Depression and anxiety-related disorders are among the leading causes of years of life lost due to premature mortality or disability in the USA.6 There is a 2:1 female-to-male ratio in the prevalence of these disorders.7 Depression and anxiety disorders are associated with dysregulation of the hypothalamic–pituitary–adrenal axis (HPA),8–10 which can delay or impede the luteinizing hormone (LH) surge11 and impair ovarian function. Cross-sectional studies have found associations between depression and irregular menses, painful and heavier menses, and anovulation.3,12,13 In a prospective cohort study, high perceived stress levels were associated with an increased probability of anovulation.14 Finally, some psychotropic medications (eg, valproate) can induce polycystic ovary syndrome,15,16 a condition associated with menstrual cycle irregularities. These findings indicate that mental health symptoms and their treatments may adversely affect menstrual function.
Few studies have prospectively examined the influence of mental health on menstrual cycle characteristics, or have considered both the individual and joint effects of depressive symptoms, perceived stress, and psychotropic medication use on cycle irregularity. The present study examines prospectively the association between current depressive symptoms, perceived stress, and psychotropic medication use and menstrual cycle regularity and length. Secondary analyses examined the association between these factors and menstrual bleed length and heaviness of menstrual flow.
Participants and methods
Pregnancy Study Online (PRESTO) is a web-based prospective cohort study of pregnancy planners from the USA and Canada. The study is described in greater detail elsewhere.17 Briefly, eligible women were of age 21–45 years, in a stable relationship with a male partner, not pregnant, and not using contraception or fertility treatments.
Participants completed an online baseline questionnaire, which assessed demographics, medical and reproductive history, and lifestyle habits. Follow-up questionnaires were administered every 8 weeks for up to 12 months or until reported conception to collect updated information on menstrual cycle characteristics, lifestyle and behavioral factors, and pregnancy status.

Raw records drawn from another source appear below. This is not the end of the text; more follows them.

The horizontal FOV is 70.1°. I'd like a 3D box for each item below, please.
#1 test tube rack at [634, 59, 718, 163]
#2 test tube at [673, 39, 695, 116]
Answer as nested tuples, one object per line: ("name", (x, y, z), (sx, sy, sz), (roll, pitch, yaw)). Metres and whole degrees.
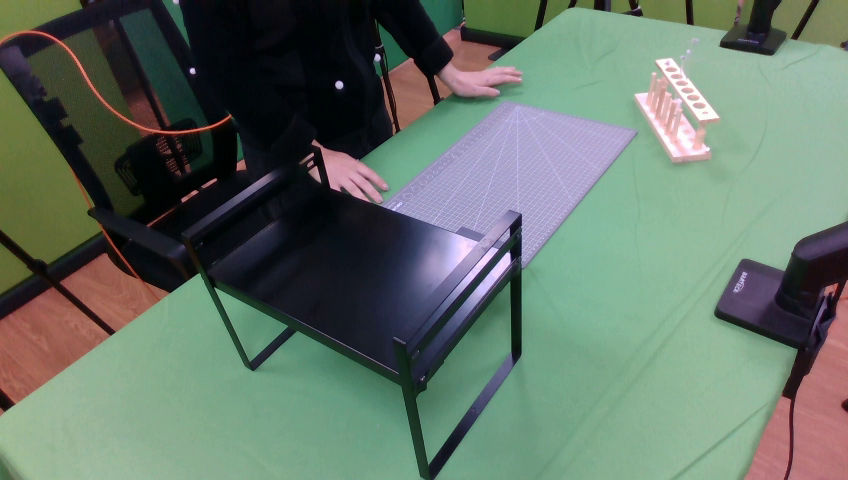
("test tube rack", (0.470, -0.250, 1.148), (0.067, 0.085, 0.241), (-6, 40, 3))
("test tube", (0.482, -0.300, 1.128), (0.017, 0.151, 0.017), (-2, 39, 2))
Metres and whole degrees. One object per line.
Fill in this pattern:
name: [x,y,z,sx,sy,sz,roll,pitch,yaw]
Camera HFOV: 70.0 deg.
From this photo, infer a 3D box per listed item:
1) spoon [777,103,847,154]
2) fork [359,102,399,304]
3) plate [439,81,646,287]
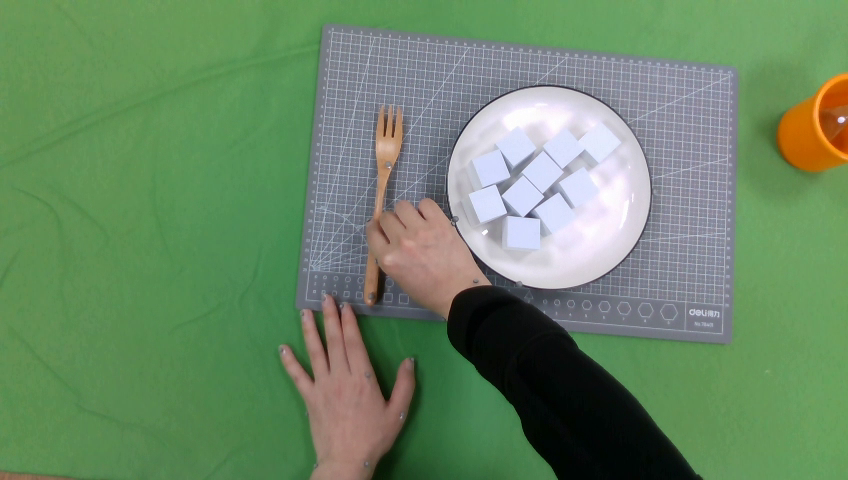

Given that some women became pregnant and others were lost to follow-up at different time points, the number of follow-up questionnaires completed varied among study participants. The study was approved by the Institutional Review Board of Boston Medical Center, and all participants provided informed consent online.
Assessment of menstrual cycle characteristics
Information on current cycle regularity and length was assessed at baseline and at each follow-up questionnaire, in which women were asked, “Has your period been regular (regular in a way that you can usually predict when the next period will start)?” On the baseline questionnaire only, women were given the option to select “cannot say because I was taking hormones most of the time.” On all questionnaires, women who reported regular menses were asked, “How long was your most recent cycle (days)?”

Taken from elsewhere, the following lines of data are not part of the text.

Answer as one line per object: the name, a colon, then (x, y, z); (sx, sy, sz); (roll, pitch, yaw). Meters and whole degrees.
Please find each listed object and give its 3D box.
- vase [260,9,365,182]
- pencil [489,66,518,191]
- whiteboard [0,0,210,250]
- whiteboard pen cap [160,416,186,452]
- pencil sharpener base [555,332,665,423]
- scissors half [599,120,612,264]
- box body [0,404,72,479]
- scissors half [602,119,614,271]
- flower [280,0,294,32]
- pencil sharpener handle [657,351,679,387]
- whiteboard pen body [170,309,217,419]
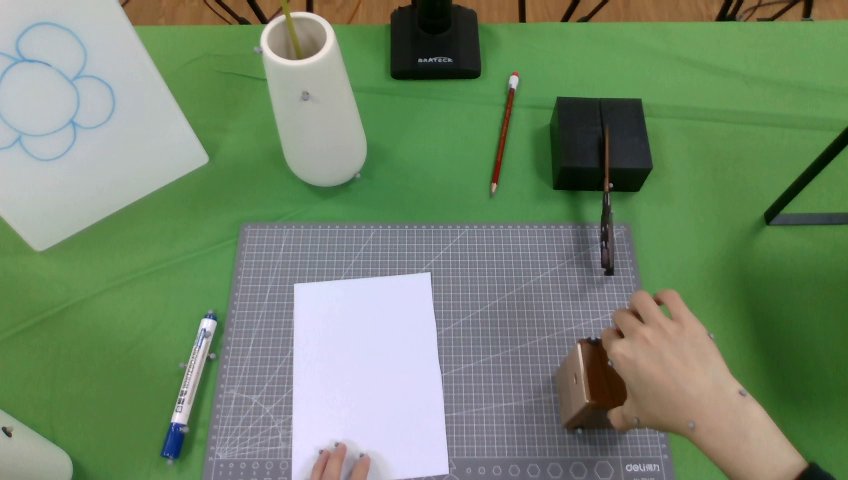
vase: (-0.120, -0.149, 0.654); (0.098, 0.201, 0.097); (0, 62, 1)
pencil: (0.098, -0.143, 0.759); (0.012, 0.012, 0.193); (11, 65, 5)
whiteboard: (-0.413, -0.183, 0.642); (0.217, 0.309, 0.142); (-32, 49, -15)
whiteboard pen cap: (-0.241, 0.187, 0.584); (0.018, 0.018, 0.033); (6, 59, 3)
pencil sharpener base: (0.171, 0.131, 0.567); (0.077, 0.108, 0.061); (-1, 63, -1)
scissors half: (0.197, -0.058, 0.659); (0.013, 0.040, 0.174); (-1, 65, 19)
box body: (-0.529, 0.198, 0.497); (0.363, 0.161, 0.253); (25, 66, 11)
scissors half: (0.205, -0.052, 0.677); (0.012, 0.040, 0.174); (-2, 82, 25)
flower: (-0.127, -0.198, 0.585); (0.044, 0.365, 0.038); (-7, 46, 0)
pencil sharpener handle: (0.222, 0.121, 0.558); (0.030, 0.068, 0.036); (-1, 74, -1)
whiteboard pen body: (-0.235, 0.135, 0.612); (0.017, 0.017, 0.139); (6, 62, 3)

Data on menstrual bleed length and heaviness of flow were assessed on the baseline questionnaire only, where women were asked for their typical bleed length (ie, number of days of bleeding, not spotting) and total amount of menstrual flow (light: ≤10 pads/tampons per menses, moderate: 11–20 pads/tampons per menses, moderate/heavy: 21–30 pads/tampons per menses, and heavy: >30 pads/tampons per menses).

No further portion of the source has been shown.